He strode from the main parlour, where his guests were, over to the second parlour.
"Shan't be long chaps." The brightly dressed people chatted happily. He adjusted his bowtie and collar.
"Splendid Nisbet."
"Willard, are you there man?"    
In the second parlour was an elderly overweight man. Weakly the man rang the bell. Linley pulled his eyes away from the dribble and food stains on the man's waistcoat, and focussed on the view of the grounds.

"Grandfather, the footman will be here as soon as practicable."

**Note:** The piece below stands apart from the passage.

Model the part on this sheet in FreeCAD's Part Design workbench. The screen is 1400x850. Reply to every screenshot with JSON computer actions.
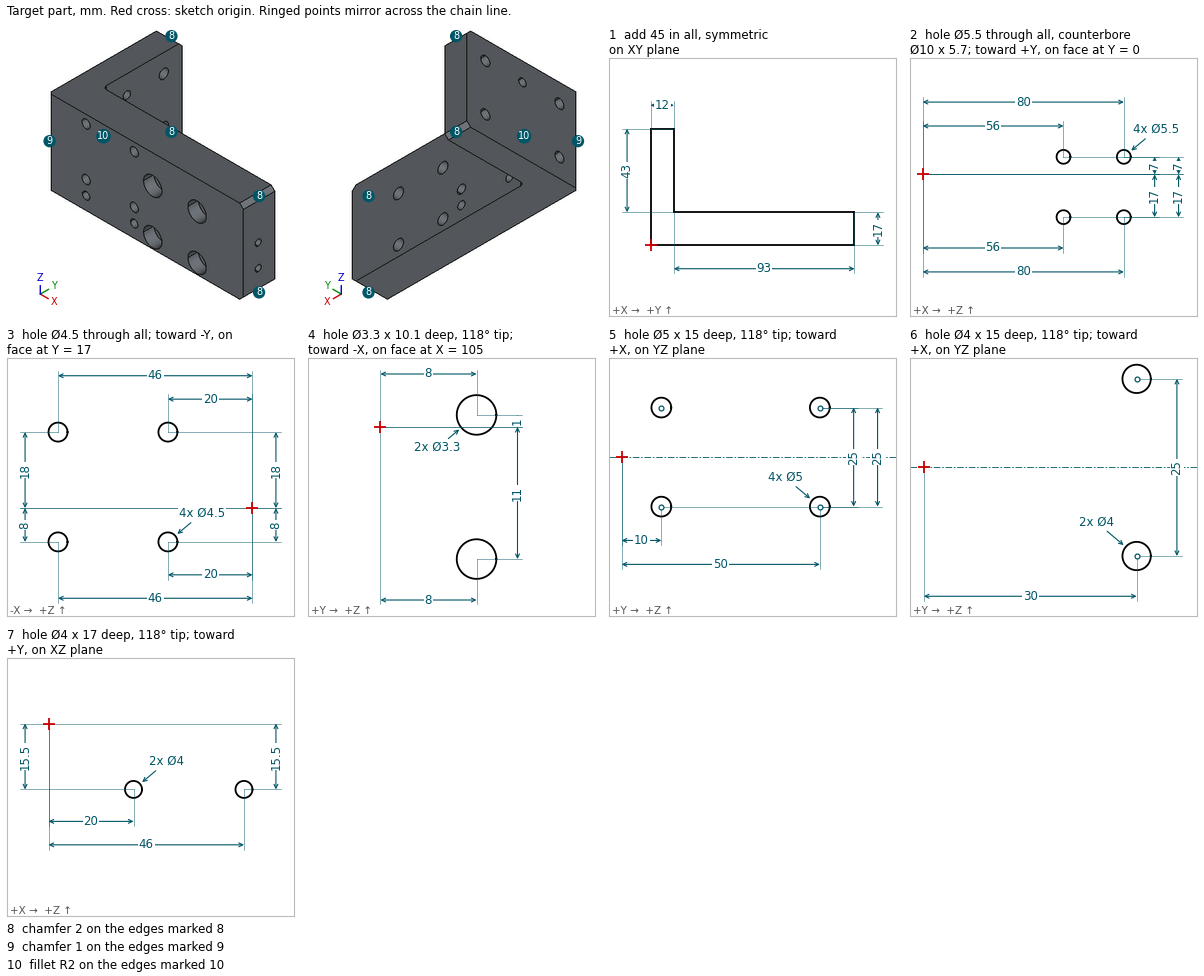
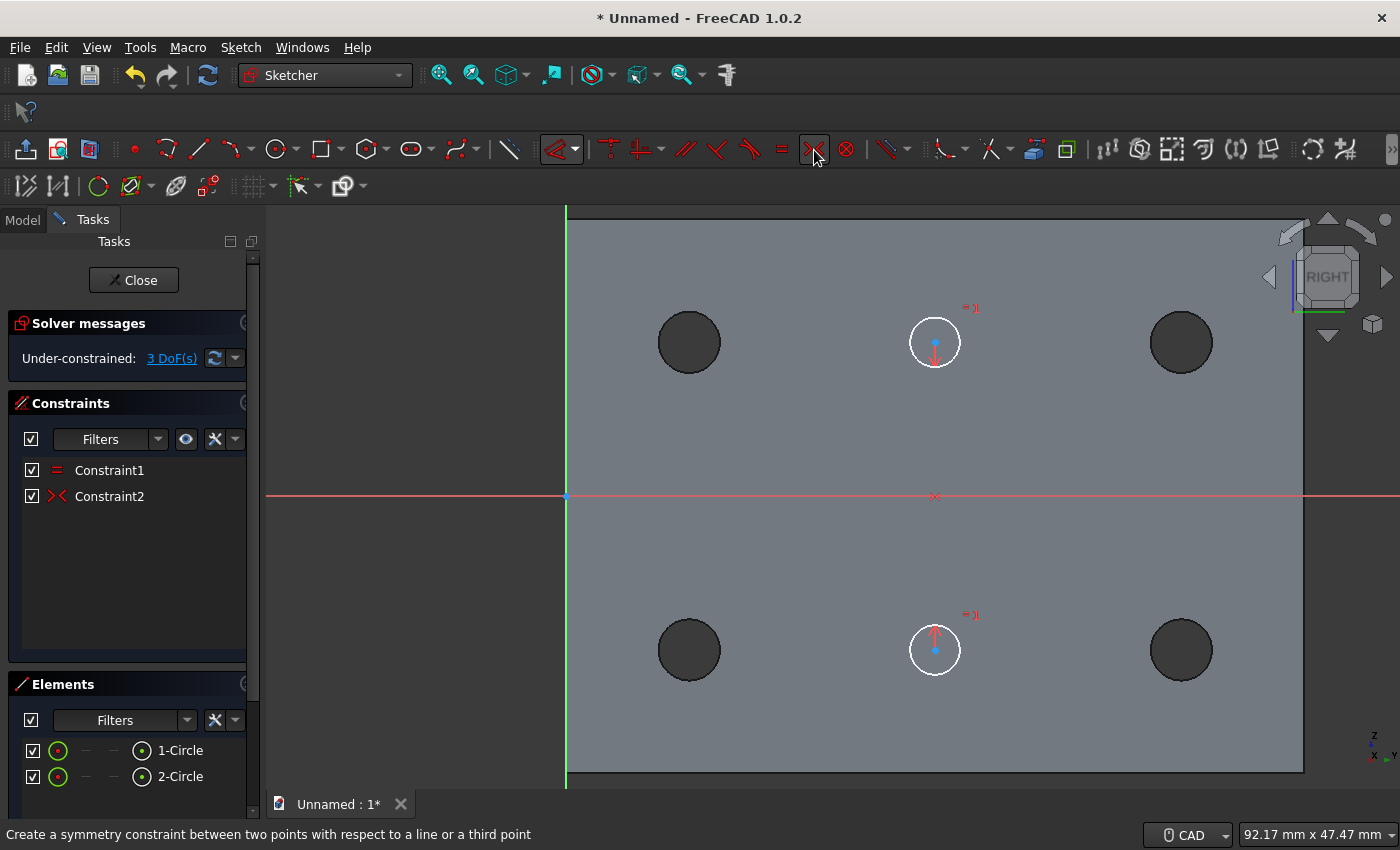
{"action": "left_click", "coordinate": [952, 632]}

"Are there you are Wentworth, my boy. Be a good lad and fetch me some tea would yer." The man was short of breath." 
"Grandfather, we have servants for that now, it's not the 1840's anymore."
"What's that yer say. Four sugars, and a little cream." He coughed lightly.
"Really grandfather, a footman will be along shortly." His grandfather tried to lift himself from the wicker chair, the armrests were well used. His blanket slipped from his legs onto the shiny patch of parquet flooring that surrounded the chair. He gave up after a few seconds, preferring to settle back into the cushions, and running his fingers through his thin white hair.  
"Your a good boy Wentworth, helping yer old grandad like this." The old man lifted his knee and farted.
"Really grandfather, I must protest."
"Before we had all this, I started as a clerk to a poultry salesman yer know."
"Grandfather, you've told me this narrative dozens of times, we have guests to attend to."
"I was one of the lucky ones yer know, what with being able to read and write back then. The Franciscan monks taught us. Proper strict they was. No nonsense, not like these days. They'd learn yer they would. Slap around yer head, or locked in the cupboard if you didn't learn. And none of these new fancy fountain pens mind. Slate and chalk we had, and jolly lucky we were to have those." He stroked his moustache, slowly. "One fellow got hisself locked in a cupboard all day long, and we could hear his blubbing. He was made a proper example of. The monks would not stand for any of the malarkey young fellows today get up to.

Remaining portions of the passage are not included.